Unlike most of the housing projects that appear before the seven-member advisory Planning Commission, both projects qualified for a streamlined ministerial review process made possible by SB35.

Since Petaluma has not met affordable housing construction goals outlined by the state’s regional housing needs assessment, qualifying developers like MidPen and Burbank can opt to use the streamlined approval process to expedite affordable housing construction.

The process in part removes the requirements for an environmental analysis, conditional use permit authorizations or other entitlements, yet must comply with the city’s zoning and objective design standards. Neither affordable housing developers were required to bring the projects to the Planning Commission under the SB35 review process, but chose to do so in order to collect community input and increase transparency, according to Planning Manager Heather Hines.

Several public comments criticizing the projects named traffic congestion and parking among their chief concerns.

All but one of the 42 MidPen units will be priced as rentals for those earning between 30% and 80% of area median income, geared toward those earning between $23,000 and $68,000 a year. The remaining unit is reserved for an on-site manager.

The Burbank Housing project’s 50 units are designated along similar lines, reserving one for a manager while the remaining rentals serve households earning low incomes, very low incomes and extremely low incomes compared to the area average.

The project has not yet specified how many units will serve each respective three low-income tiers or rent amounts.

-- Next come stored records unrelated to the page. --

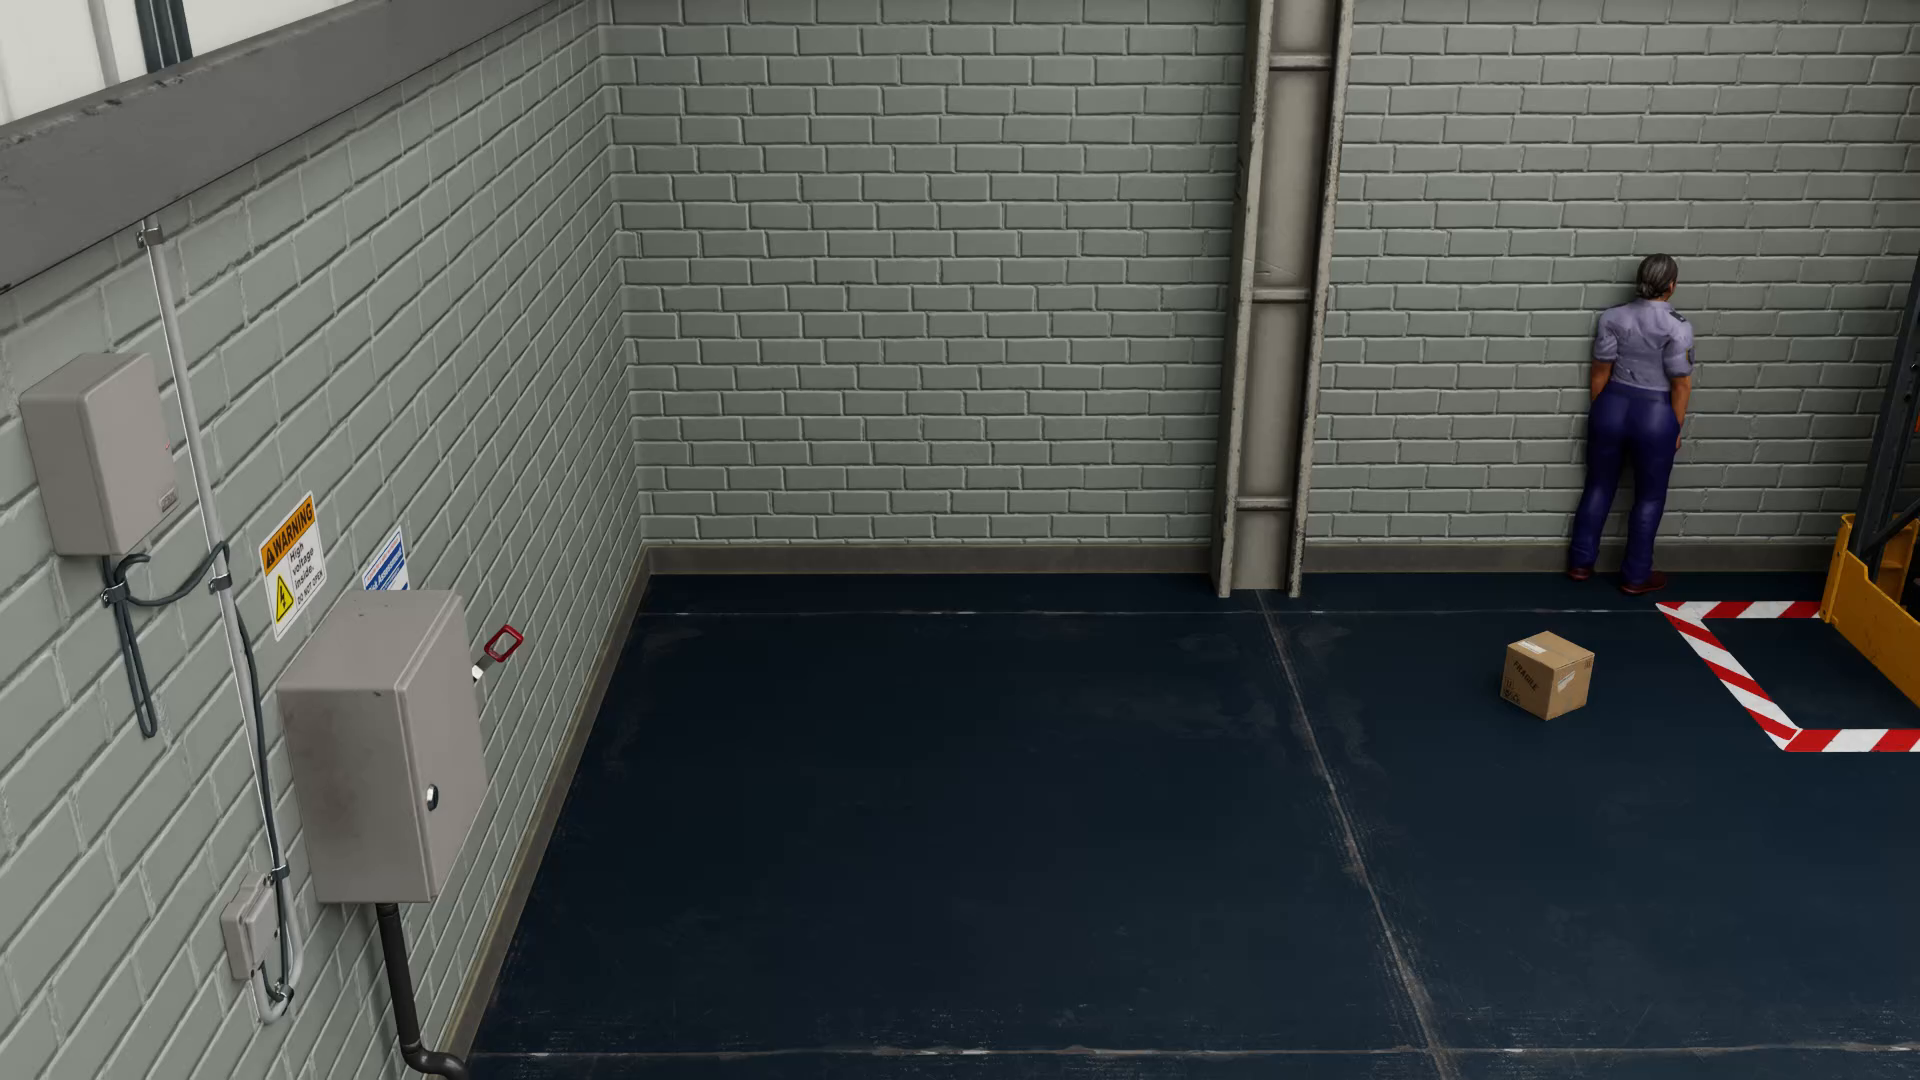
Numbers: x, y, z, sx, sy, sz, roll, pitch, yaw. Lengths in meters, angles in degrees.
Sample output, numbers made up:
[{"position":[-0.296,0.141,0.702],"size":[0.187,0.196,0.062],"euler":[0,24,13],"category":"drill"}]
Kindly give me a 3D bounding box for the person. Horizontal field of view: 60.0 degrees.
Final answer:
[{"position":[3.196,-0.549,7.842],"size":[0.466,1.650,0.356],"euler":[20,31,38],"category":"person"}]
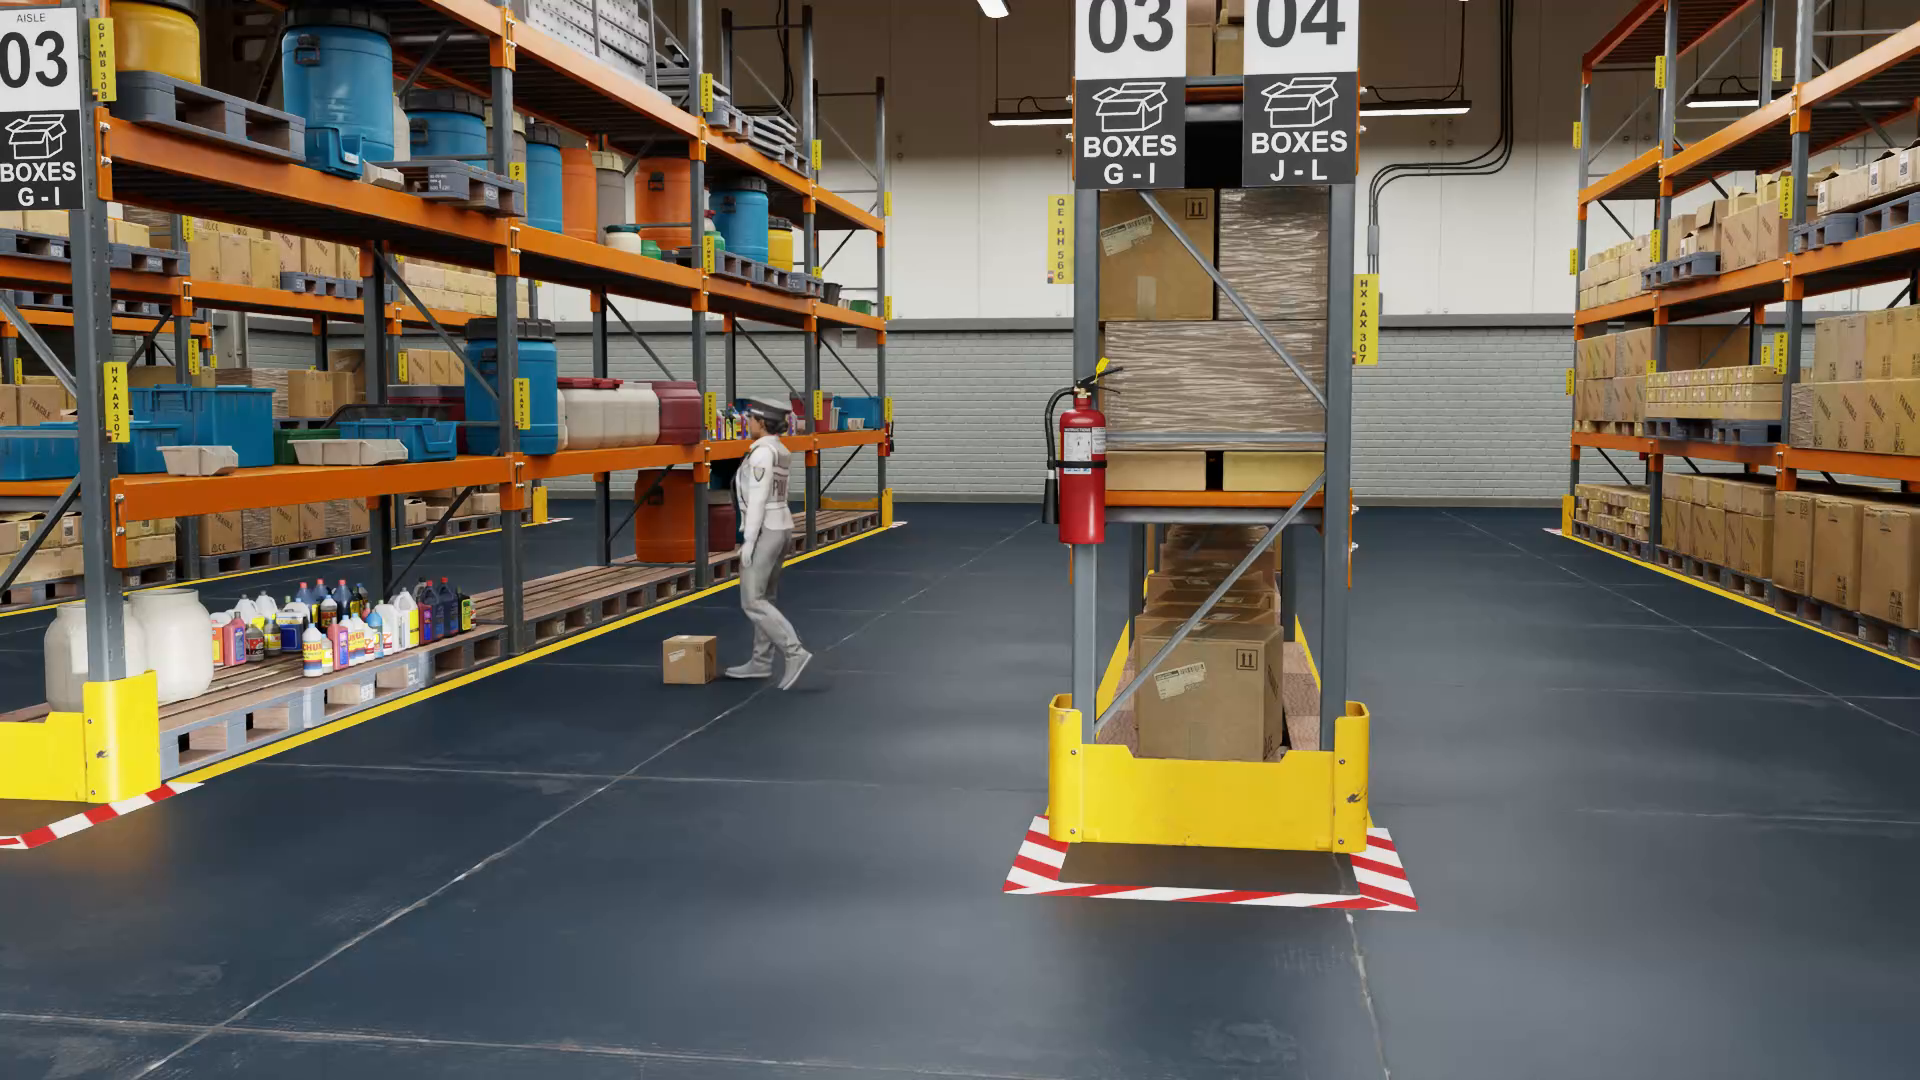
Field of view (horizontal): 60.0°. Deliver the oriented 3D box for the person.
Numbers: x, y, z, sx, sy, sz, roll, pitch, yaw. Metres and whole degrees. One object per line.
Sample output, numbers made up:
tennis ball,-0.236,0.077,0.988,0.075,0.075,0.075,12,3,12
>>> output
person,-1.123,0.011,9.726,0.613,1.715,0.523,1,5,10
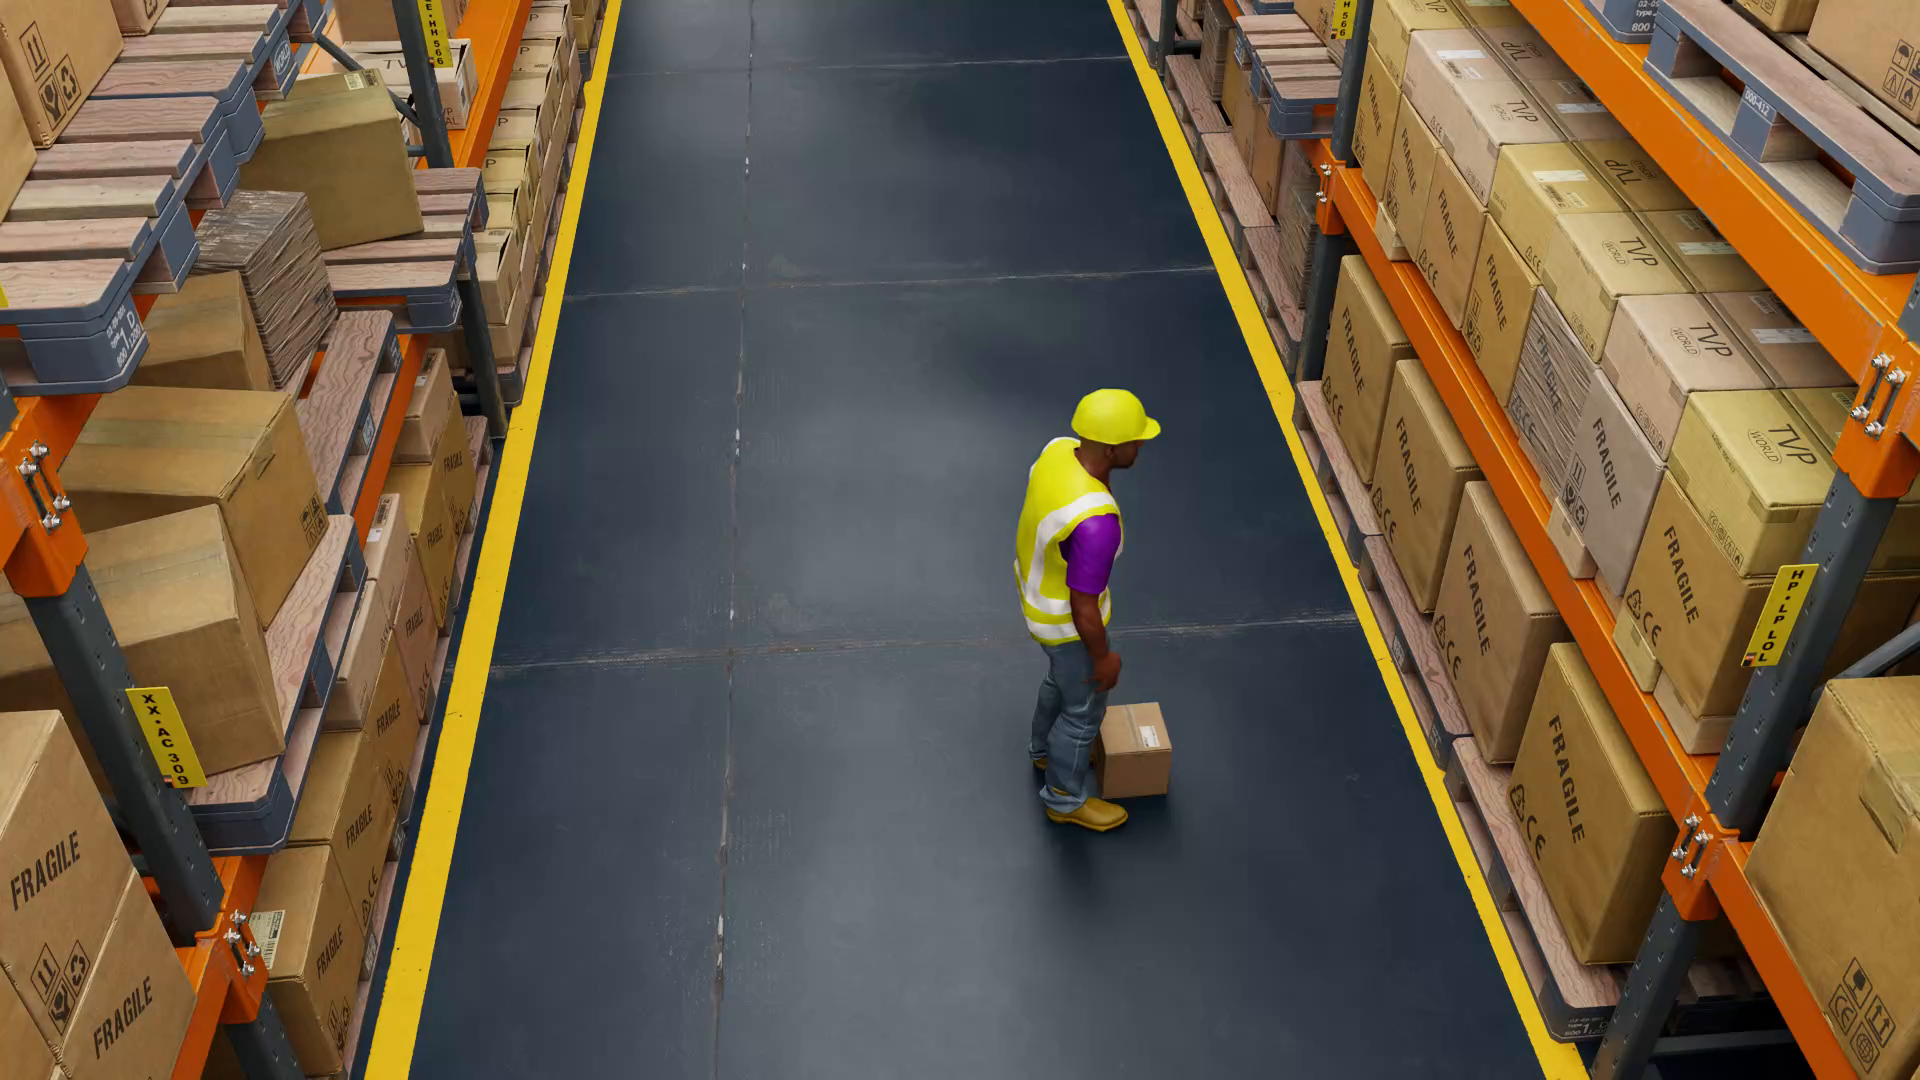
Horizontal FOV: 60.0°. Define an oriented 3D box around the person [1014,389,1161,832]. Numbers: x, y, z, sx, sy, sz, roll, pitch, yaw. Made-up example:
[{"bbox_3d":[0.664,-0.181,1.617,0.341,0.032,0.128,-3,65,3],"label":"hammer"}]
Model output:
[{"bbox_3d":[0.428,0.232,5.852,0.458,1.761,0.638,-4,39,-5],"label":"person"}]
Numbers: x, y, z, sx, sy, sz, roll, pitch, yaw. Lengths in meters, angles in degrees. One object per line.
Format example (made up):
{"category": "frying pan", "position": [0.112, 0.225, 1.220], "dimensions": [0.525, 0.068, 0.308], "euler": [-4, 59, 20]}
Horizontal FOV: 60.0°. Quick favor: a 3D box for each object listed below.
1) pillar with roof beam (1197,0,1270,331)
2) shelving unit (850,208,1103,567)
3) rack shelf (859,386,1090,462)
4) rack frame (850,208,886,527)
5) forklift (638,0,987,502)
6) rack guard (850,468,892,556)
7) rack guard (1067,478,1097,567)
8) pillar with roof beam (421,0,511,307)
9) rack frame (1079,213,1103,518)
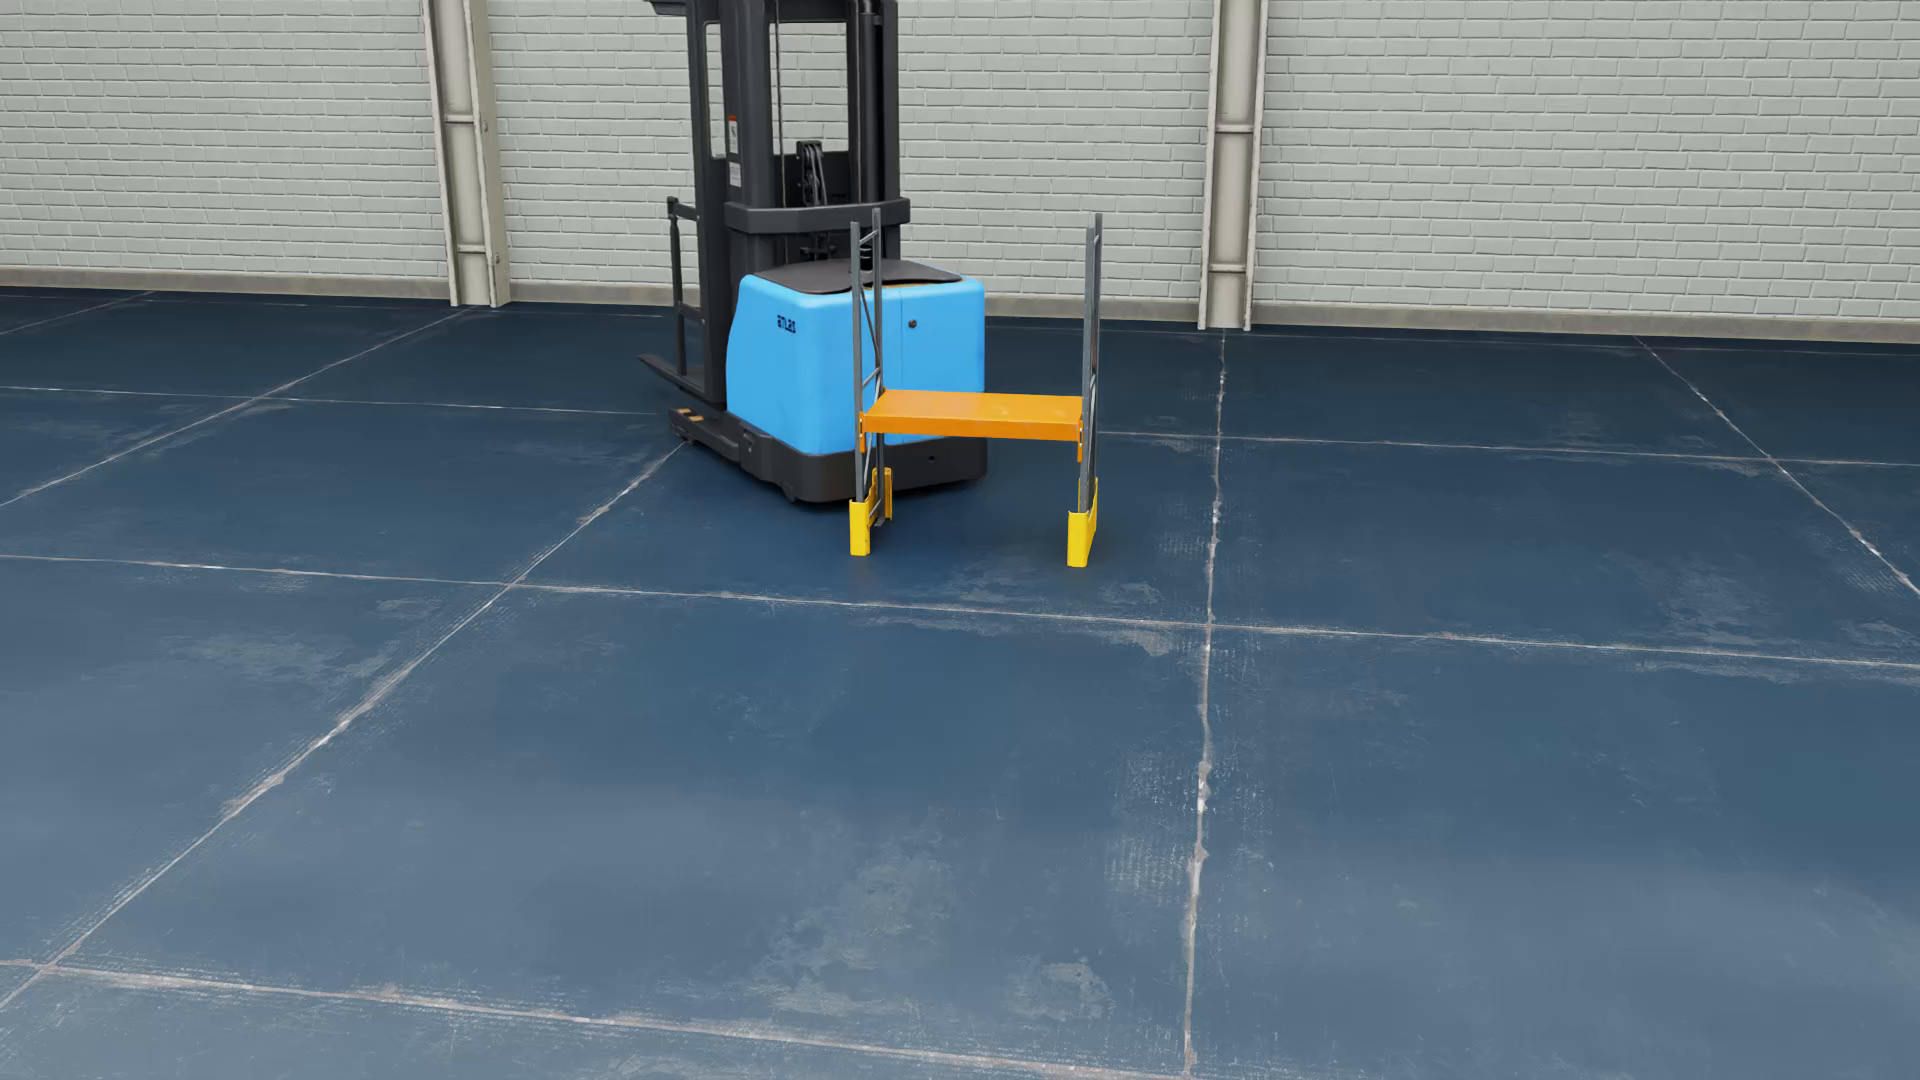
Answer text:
{"category": "pillar with roof beam", "position": [1.334, -4.552, 7.226], "dimensions": [0.400, 9.000, 9.100], "euler": [3, 19, 9]}
{"category": "shelving unit", "position": [0.075, -0.707, 7.554], "dimensions": [1.083, 1.500, 0.587], "euler": [3, 19, 9]}
{"category": "rack shelf", "position": [0.084, -0.536, 7.609], "dimensions": [1.000, 0.185, 0.538], "euler": [3, 19, 9]}
{"category": "rack frame", "position": [-0.418, -0.733, 7.629], "dimensions": [0.032, 1.500, 0.500], "euler": [3, 19, 9]}
{"category": "forklift", "position": [-1.021, -1.992, 9.138], "dimensions": [1.130, 2.935, 3.031], "euler": [-10, 21, -28]}
{"category": "rack guard", "position": [-0.416, -0.140, 7.827], "dimensions": [0.087, 0.250, 0.587], "euler": [3, 19, 9]}
{"category": "rack guard", "position": [0.567, -0.090, 7.677], "dimensions": [0.087, 0.250, 0.587], "euler": [3, 19, 9]}
{"category": "pillar with roof beam", "position": [-4.590, -4.854, 8.129], "dimensions": [0.400, 9.000, 9.100], "euler": [3, 19, 9]}
{"category": "rack frame", "position": [0.586, -0.681, 7.476], "dimensions": [0.032, 1.500, 0.500], "euler": [3, 19, 9]}

Of the proposed 50 units, 15 will be one-bedroom, 20 two-bedrooms and 15 three-bedrooms. Burbank’s project is connected to the proposed 405-unit Downtown Station apartment complex next to the downtown SMART station, partly fulfilling the downtown developer’s affordable housing requirements as mandated by city ordinance.

However, the Burbank Housing project’s steps forward are currently uncertain, as the project is one of the three developments associated with the complex Corona Road Station project. A group of citizens recently took steps toward filing a lawsuit against the Corona Road Station landowner Lomas Partners. The legal action could delay the 405-unit Downtown Station apartment complex and its connected off-site Burbank affordable housing project.

Ali Gaylord with MidPen Housing said monthly rents for the project will start at about $500 for a one-bedroom and reach just over $1,500 for a three-bedroom unit. Just under half of the 41 affordable units will be one-bedrooms, while the remaining 22 will be split between two-bedroom and three-bedrooms. Gaylord said construction is anticipated to begin March 2021 and last approximately 15 months, aiming to begin leasing fall 2021.

According to the most recent 2018 Annual Housing Report for Petaluma, the city met just 5% of the targets to build very low income units and 1% of the low income unit targets. Out of 750 building permits, the city issued a combined 27 approvals for low and very low income units. The vast majority of housing built in 2018 caters to those earning above moderate income.